#### DATASET RECORDS

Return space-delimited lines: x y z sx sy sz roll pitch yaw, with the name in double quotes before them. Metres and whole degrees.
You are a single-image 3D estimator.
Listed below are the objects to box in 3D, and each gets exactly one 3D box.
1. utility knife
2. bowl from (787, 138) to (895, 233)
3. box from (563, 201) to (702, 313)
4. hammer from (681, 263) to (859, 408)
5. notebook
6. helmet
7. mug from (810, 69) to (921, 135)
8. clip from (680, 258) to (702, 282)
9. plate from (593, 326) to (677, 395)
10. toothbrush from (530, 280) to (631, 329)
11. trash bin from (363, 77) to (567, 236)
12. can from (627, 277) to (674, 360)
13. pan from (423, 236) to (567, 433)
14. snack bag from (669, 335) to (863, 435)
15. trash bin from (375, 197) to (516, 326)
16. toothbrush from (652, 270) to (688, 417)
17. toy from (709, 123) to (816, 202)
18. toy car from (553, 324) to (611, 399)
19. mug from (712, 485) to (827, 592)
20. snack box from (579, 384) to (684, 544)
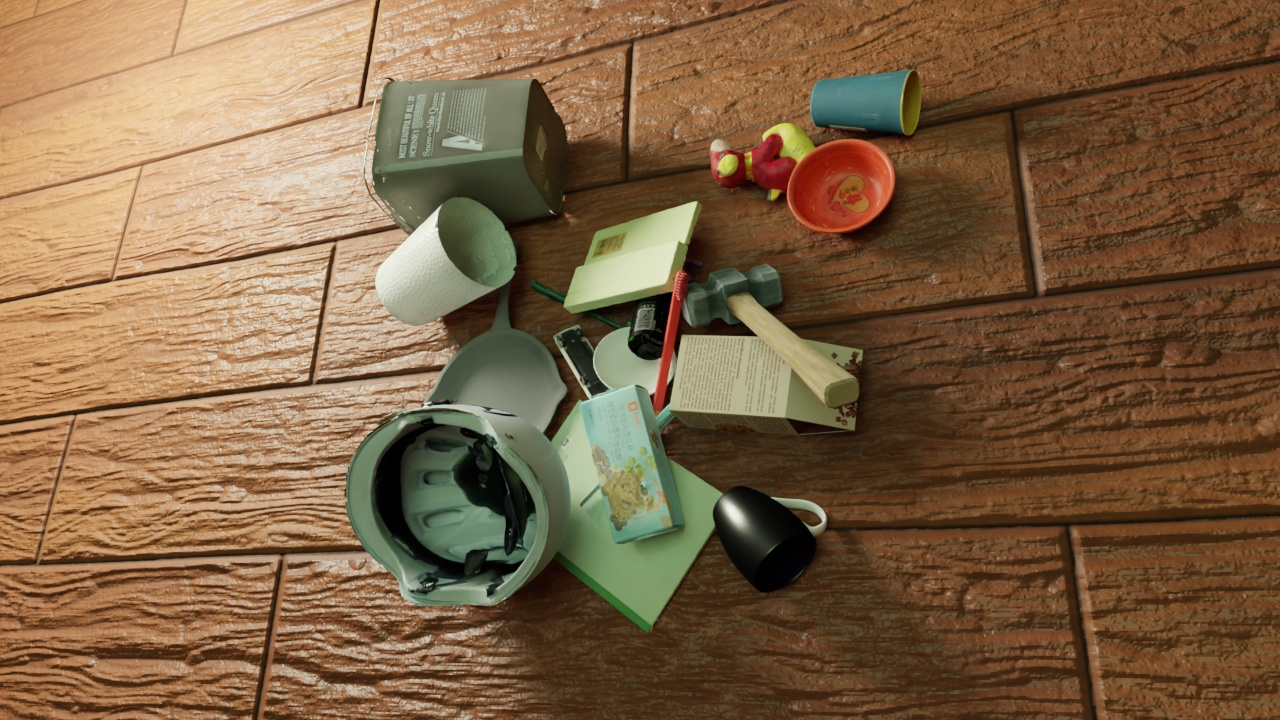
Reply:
"utility knife" -0.014 0.113 1.111 0.177 0.022 0.015 -46 57 5
"bowl" 0.248 -0.204 1.124 0.131 0.045 0.130 -9 66 20
"box" -0.012 -0.132 1.174 0.188 0.024 0.137 -7 51 44
"hammer" 0.144 -0.029 0.988 0.117 0.051 0.322 -16 26 -10
"notebook" -0.035 0.180 1.112 0.253 0.010 0.182 30 84 30
"helmet" -0.203 0.158 1.089 0.264 0.163 0.236 1 96 21
"mug" 0.279 -0.321 1.145 0.121 0.078 0.078 9 73 31
"clip" 0.060 -0.126 1.194 0.046 0.014 0.050 -32 63 9
"plate" -0.007 0.007 1.148 0.104 0.026 0.104 1 56 -2
"toothbrush" -0.074 -0.071 1.226 0.190 0.016 0.017 26 84 29
"trash bin" -0.234 -0.288 1.293 0.220 0.197 0.197 -2 69 16
"can" 0.019 -0.066 1.148 0.054 0.054 0.137 -5 53 22
"pan" -0.189 -0.006 1.245 0.217 0.024 0.353 -6 68 21
"snack bag" 0.148 0.029 1.059 0.207 0.070 0.094 2 70 24
"trash bin" -0.273 -0.126 1.255 0.162 0.133 0.133 -27 59 35
"toothbrush" 0.033 -0.002 1.095 0.018 0.012 0.213 -138 55 -65
"toy" 0.160 -0.251 1.179 0.137 0.067 0.105 -9 68 6
"toy car" -0.071 0.007 1.182 0.039 0.039 0.113 -25 58 -14
"mug" 0.142 0.181 1.003 0.118 0.085 0.100 -23 43 -21
"snack box" -0.010 0.121 1.069 0.075 0.053 0.174 -19 77 15
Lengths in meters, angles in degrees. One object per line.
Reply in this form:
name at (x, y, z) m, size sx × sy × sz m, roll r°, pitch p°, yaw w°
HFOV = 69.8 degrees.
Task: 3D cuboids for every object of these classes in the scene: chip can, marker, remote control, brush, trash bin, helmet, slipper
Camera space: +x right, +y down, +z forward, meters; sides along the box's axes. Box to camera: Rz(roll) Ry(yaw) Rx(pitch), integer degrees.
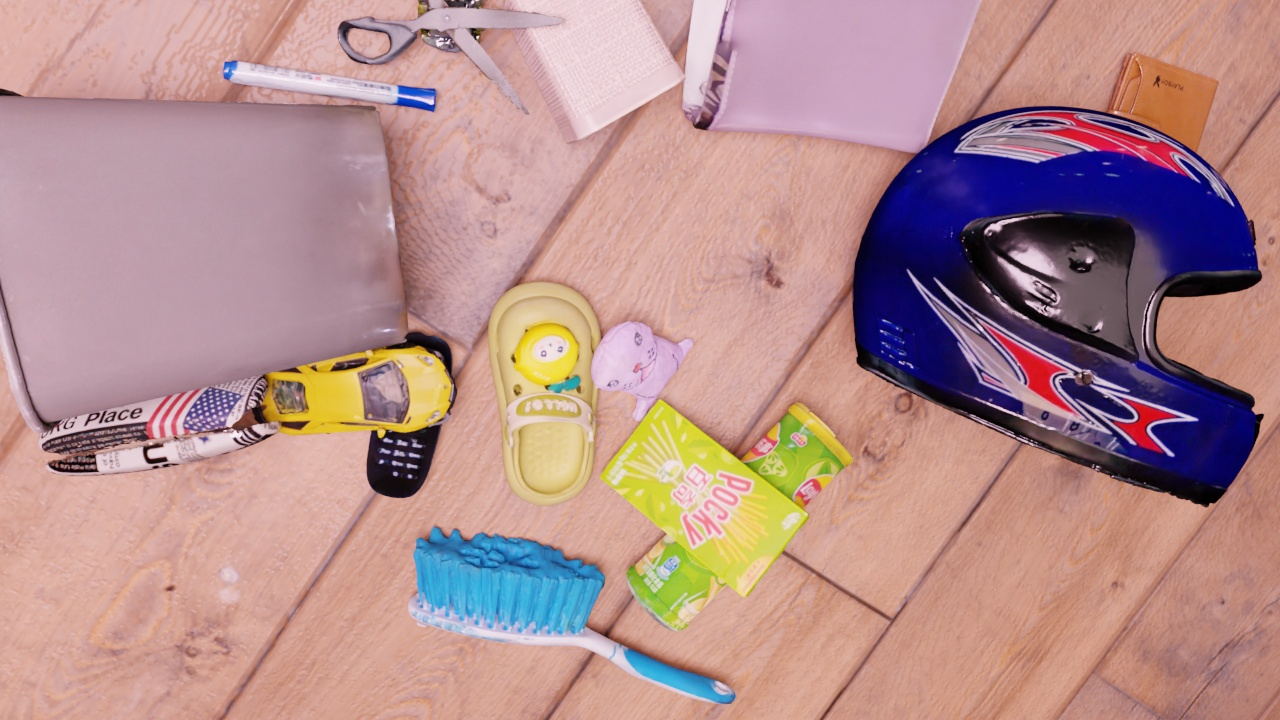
chip can at (0.083, 0.137, 0.795) m, size 0.221 × 0.072 × 0.072 m, roll -45°, pitch 110°, yaw 0°
marker at (-0.222, -0.198, 0.663) m, size 0.145 × 0.017 × 0.017 m, roll 4°, pitch 102°, yaw -15°
remote control at (-0.183, 0.043, 0.729) m, size 0.053 × 0.024 × 0.136 m, roll 14°, pitch 99°, yaw -11°
brush at (-0.047, 0.226, 0.789) m, size 0.314 × 0.060 × 0.109 m, roll 14°, pitch 106°, yaw -13°
trash bin at (-0.277, -0.081, 0.594) m, size 0.219 × 0.199 × 0.199 m, roll -10°, pitch 106°, yaw -18°
helmet at (0.327, -0.059, 0.695) m, size 0.315 × 0.246 × 0.241 m, roll 24°, pitch 104°, yaw 14°
slipper at (-0.069, 0.034, 0.728) m, size 0.091 × 0.081 × 0.191 m, roll -5°, pitch 107°, yaw -16°

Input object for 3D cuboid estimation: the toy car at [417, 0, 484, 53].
toy car at (-0.138, -0.276, 0.658) m, size 0.048 × 0.032 × 0.105 m, roll -3°, pitch 113°, yaw -13°

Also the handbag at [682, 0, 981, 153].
handbag at (0.139, -0.242, 0.700) m, size 0.197 × 0.098 × 0.145 m, roll 1°, pitch 119°, yaw -15°

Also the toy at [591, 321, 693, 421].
toy at (-0.004, 0.004, 0.741) m, size 0.084 × 0.039 × 0.108 m, roll -58°, pitch 150°, yaw 4°

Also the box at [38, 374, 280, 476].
box at (-0.346, 0.038, 0.653) m, size 0.163 × 0.075 × 0.081 m, roll -7°, pitch 97°, yaw 4°

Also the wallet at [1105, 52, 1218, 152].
wallet at (0.458, -0.199, 0.829) m, size 0.107 × 0.031 × 0.132 m, roll 11°, pitch 99°, yaw -18°

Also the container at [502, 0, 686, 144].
container at (-0.038, -0.230, 0.665) m, size 0.090 × 0.090 × 0.111 m, roll -31°, pitch 106°, yaw -5°

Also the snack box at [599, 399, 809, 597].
snack box at (0.052, 0.112, 0.756) m, size 0.156 × 0.026 × 0.086 m, roll 38°, pitch 88°, yaw 18°

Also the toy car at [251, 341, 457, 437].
toy car at (-0.216, 0.021, 0.690) m, size 0.156 × 0.041 × 0.071 m, roll -1°, pitch 105°, yaw 7°

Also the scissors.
scissors at (-0.136, -0.239, 0.630) m, size 0.181 × 0.014 × 0.159 m, roll -7°, pitch 103°, yaw 21°
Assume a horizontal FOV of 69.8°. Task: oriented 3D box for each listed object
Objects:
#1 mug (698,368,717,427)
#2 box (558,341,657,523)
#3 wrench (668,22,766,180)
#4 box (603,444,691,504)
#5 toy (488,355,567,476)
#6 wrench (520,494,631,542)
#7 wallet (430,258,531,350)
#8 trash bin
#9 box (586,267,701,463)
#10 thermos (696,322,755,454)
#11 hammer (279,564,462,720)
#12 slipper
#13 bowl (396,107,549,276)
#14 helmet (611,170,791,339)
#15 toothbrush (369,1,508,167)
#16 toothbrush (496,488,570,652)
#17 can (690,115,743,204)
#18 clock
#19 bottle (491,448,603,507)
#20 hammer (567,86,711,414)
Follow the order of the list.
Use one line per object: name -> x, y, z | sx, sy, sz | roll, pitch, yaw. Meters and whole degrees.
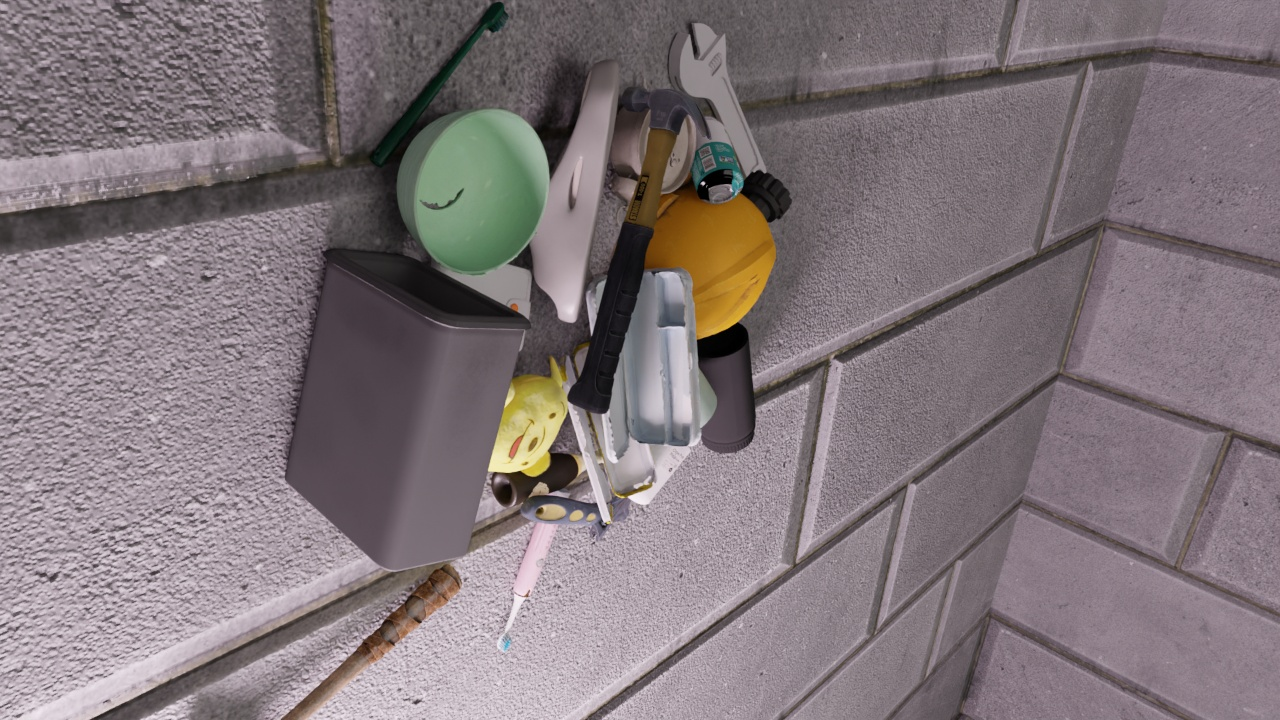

########

**PROBLEM STATEMENT**
Of the lines in the listing above, count those containing the word "Task", and state the count alone.

**ANSWER TO THIS EXERCISE**
2